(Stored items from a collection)
══════════

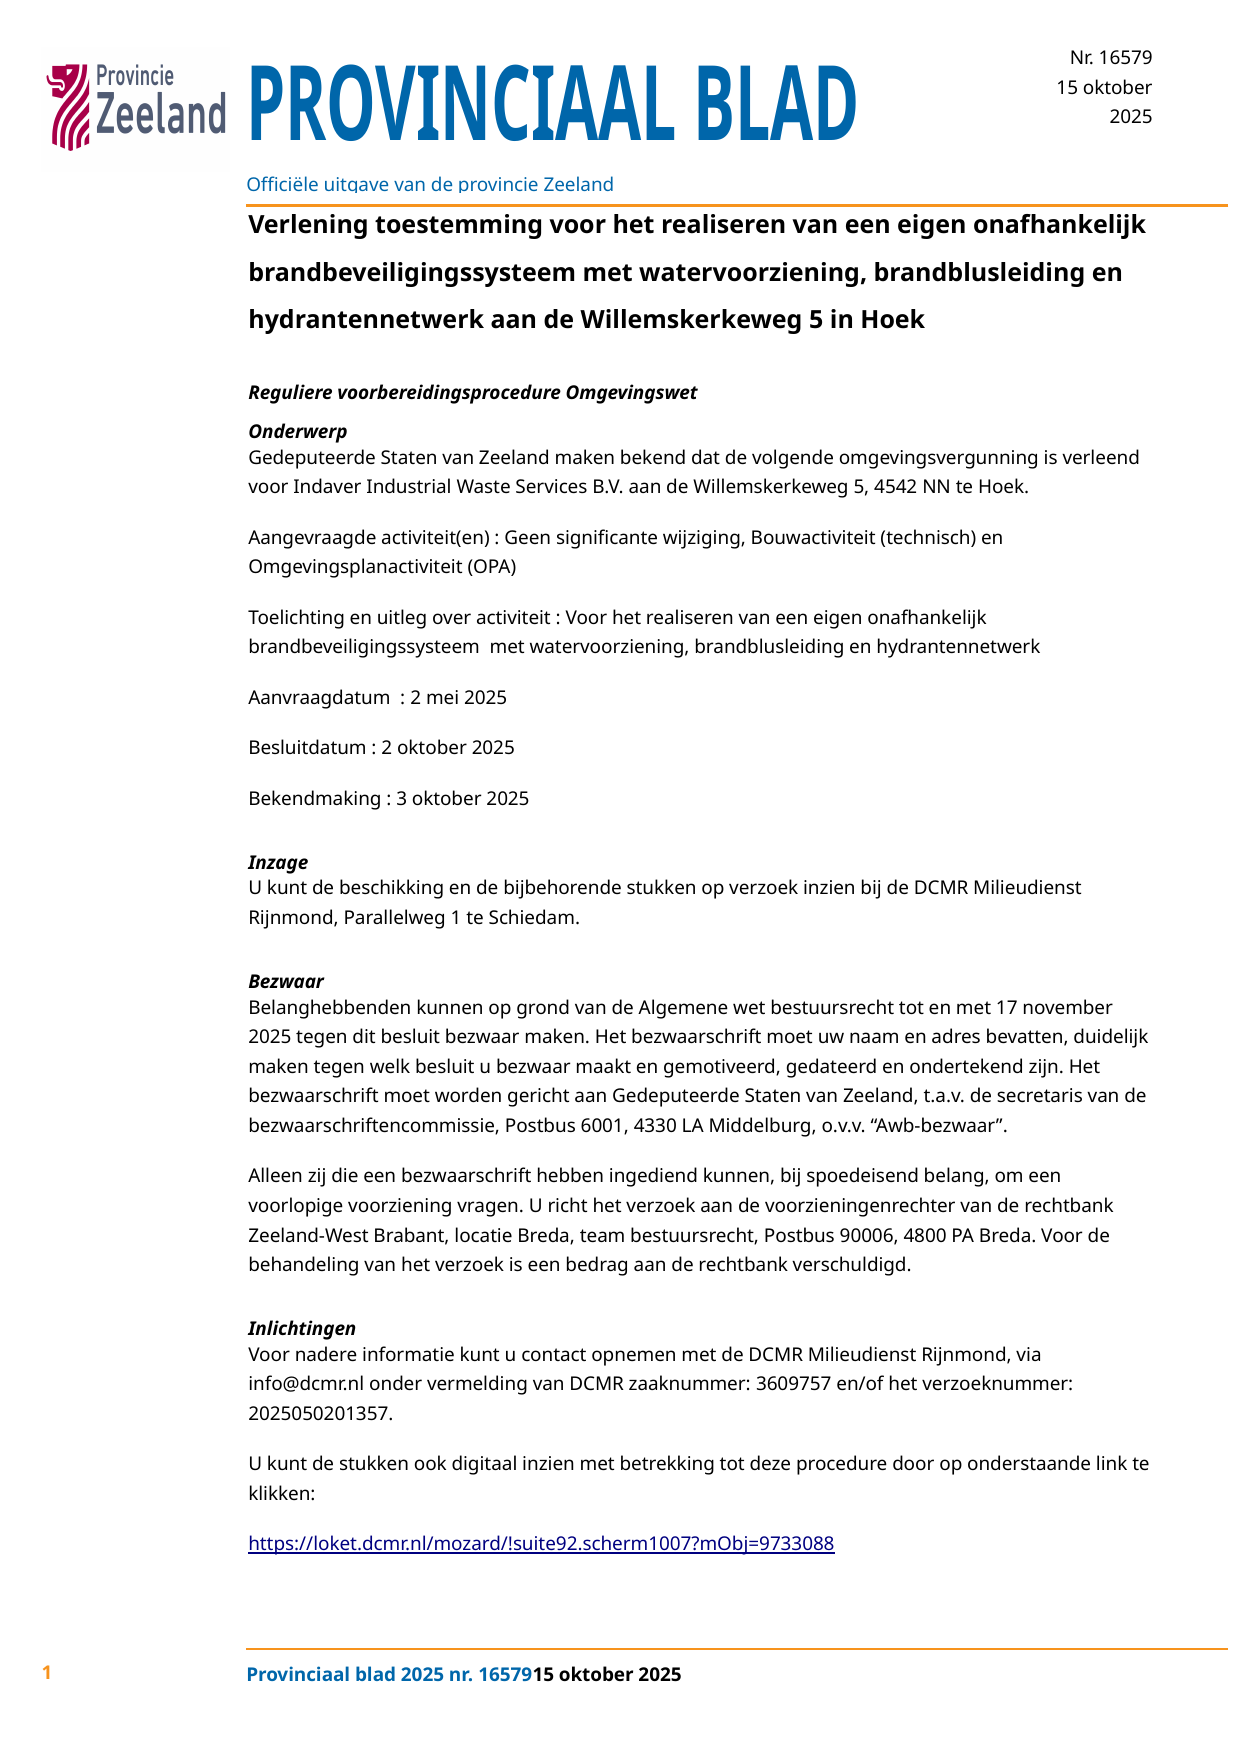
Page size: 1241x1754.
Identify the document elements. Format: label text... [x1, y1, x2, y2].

text Aanvraagdatum : 2 mei 2025 [248, 684, 1152, 710]
text Belanghebbenden kunnen op grond van de Algemene wet bestuursrecht tot en met 17 november 2025 tegen dit besluit bezwaar maken. Het bezwaarschrift moet uw naam en adres bevatten, duidelijk maken tegen welk besluit u bezwaar maakt en gemotiveerd, gedateerd en ondertekend zijn. Het bezwaarschrift moet worden gericht aan Gedeputeerde Staten van Zeeland, t.a.v. de secretaris van de bezwaarschriftencommissie, Postbus 6001, 4330 LA Middelburg, o.v.v. “Awb-bezwaar”. [248, 994, 1152, 1138]
text Besluitdatum : 2 oktober 2025 [248, 734, 1152, 760]
text Reguliere voorbereidingsprocedure Omgevingswet [248, 379, 1152, 405]
picture [41, 47, 231, 172]
text Inzage [248, 849, 1152, 874]
text Inlichtingen [248, 1315, 1152, 1341]
text https://loket.dcmr.nl/mozard/!suite92.scherm1007?mObj=9733088 [248, 1531, 1152, 1556]
text Bezwaar [248, 968, 1152, 994]
text U kunt de stukken ook digitaal inzien met betrekking tot deze procedure door op onderstaande link te klikken: [248, 1451, 1152, 1506]
text Aangevraagde activiteit(en) : Geen significante wijziging, Bouwactiviteit (technisch) en Omgevingsplanactiviteit (OPA) [248, 524, 1152, 579]
text Onderwerp [248, 418, 1152, 444]
text Gedeputeerde Staten van Zeeland maken bekend dat de volgende omgevingsvergunning is verleend voor Indaver Industrial Waste Services B.V. aan de Willemskerkeweg 5, 4542 NN te Hoek. [248, 444, 1152, 499]
text Voor nadere informatie kunt u contact opnemen met de DCMR Milieudienst Rijnmond, via info@dcmr.nl onder vermelding van DCMR zaaknummer: 3609757 en/of het verzoeknummer: 2025050201357. [248, 1341, 1152, 1426]
text U kunt de beschikking en de bijbehorende stukken op verzoek inzien bij de DCMR Milieudienst Rijnmond, Parallelweg 1 te Schiedam. [248, 874, 1152, 930]
text Bekendmaking : 3 oktober 2025 [248, 785, 1152, 811]
text Alleen zij die een bezwaarschrift hebben ingediend kunnen, bij spoedeisend belang, om een voorlopige voorziening vragen. U richt het verzoek aan de voorzieningenrechter van de rechtbank Zeeland-West Brabant, locatie Breda, team bestuursrecht, Postbus 90006, 4800 PA Breda. Voor de behandeling van het verzoek is een bedrag aan de rechtbank verschuldigd. [248, 1163, 1152, 1277]
text Verlening toestemming voor het realiseren van een eigen onafhankelijk brandbeveiligingssysteem met watervoorziening, brandblusleiding en hydrantennetwerk aan de Willemskerkeweg 5 in Hoek [248, 207, 1152, 336]
text Toelichting en uitleg over activiteit : Voor het realiseren van een eigen onafhankelijk brandbeveiligingssysteem met watervoorziening, brandblusleiding en hydrantennetwerk [248, 604, 1152, 659]

══════════

#### Exercise goal
Please retype all the entries word for word, omitting the pictures.

#### Solution below
Page size: 1241x1754.
Identify the document elements. Format: label text... [x1, y1, x2, y2].

text Aanvraagdatum : 2 mei 2025 [248, 684, 1152, 710]
text Belanghebbenden kunnen op grond van de Algemene wet bestuursrecht tot en met 17 november 2025 tegen dit besluit bezwaar maken. Het bezwaarschrift moet uw naam en adres bevatten, duidelijk maken tegen welk besluit u bezwaar maakt en gemotiveerd, gedateerd en ondertekend zijn. Het bezwaarschrift moet worden gericht aan Gedeputeerde Staten van Zeeland, t.a.v. de secretaris van de bezwaarschriftencommissie, Postbus 6001, 4330 LA Middelburg, o.v.v. “Awb-bezwaar”. [248, 994, 1152, 1138]
text Besluitdatum : 2 oktober 2025 [248, 734, 1152, 760]
text Reguliere voorbereidingsprocedure Omgevingswet [248, 379, 1152, 405]
picture [41, 47, 231, 172]
text Inzage [248, 849, 1152, 874]
text Inlichtingen [248, 1315, 1152, 1341]
text https://loket.dcmr.nl/mozard/!suite92.scherm1007?mObj=9733088 [248, 1531, 1152, 1556]
text Bezwaar [248, 968, 1152, 994]
text U kunt de stukken ook digitaal inzien met betrekking tot deze procedure door op onderstaande link te klikken: [248, 1451, 1152, 1506]
text Aangevraagde activiteit(en) : Geen significante wijziging, Bouwactiviteit (technisch) en Omgevingsplanactiviteit (OPA) [248, 524, 1152, 579]
text Onderwerp [248, 418, 1152, 444]
text Gedeputeerde Staten van Zeeland maken bekend dat de volgende omgevingsvergunning is verleend voor Indaver Industrial Waste Services B.V. aan de Willemskerkeweg 5, 4542 NN te Hoek. [248, 444, 1152, 499]
text Voor nadere informatie kunt u contact opnemen met de DCMR Milieudienst Rijnmond, via info@dcmr.nl onder vermelding van DCMR zaaknummer: 3609757 en/of het verzoeknummer: 2025050201357. [248, 1341, 1152, 1426]
text U kunt de beschikking en de bijbehorende stukken op verzoek inzien bij de DCMR Milieudienst Rijnmond, Parallelweg 1 te Schiedam. [248, 874, 1152, 930]
text Bekendmaking : 3 oktober 2025 [248, 785, 1152, 811]
text Alleen zij die een bezwaarschrift hebben ingediend kunnen, bij spoedeisend belang, om een voorlopige voorziening vragen. U richt het verzoek aan de voorzieningenrechter van de rechtbank Zeeland-West Brabant, locatie Breda, team bestuursrecht, Postbus 90006, 4800 PA Breda. Voor de behandeling van het verzoek is een bedrag aan de rechtbank verschuldigd. [248, 1163, 1152, 1277]
text Verlening toestemming voor het realiseren van een eigen onafhankelijk brandbeveiligingssysteem met watervoorziening, brandblusleiding en hydrantennetwerk aan de Willemskerkeweg 5 in Hoek [248, 207, 1152, 336]
text Toelichting en uitleg over activiteit : Voor het realiseren van een eigen onafhankelijk brandbeveiligingssysteem met watervoorziening, brandblusleiding en hydrantennetwerk [248, 604, 1152, 659]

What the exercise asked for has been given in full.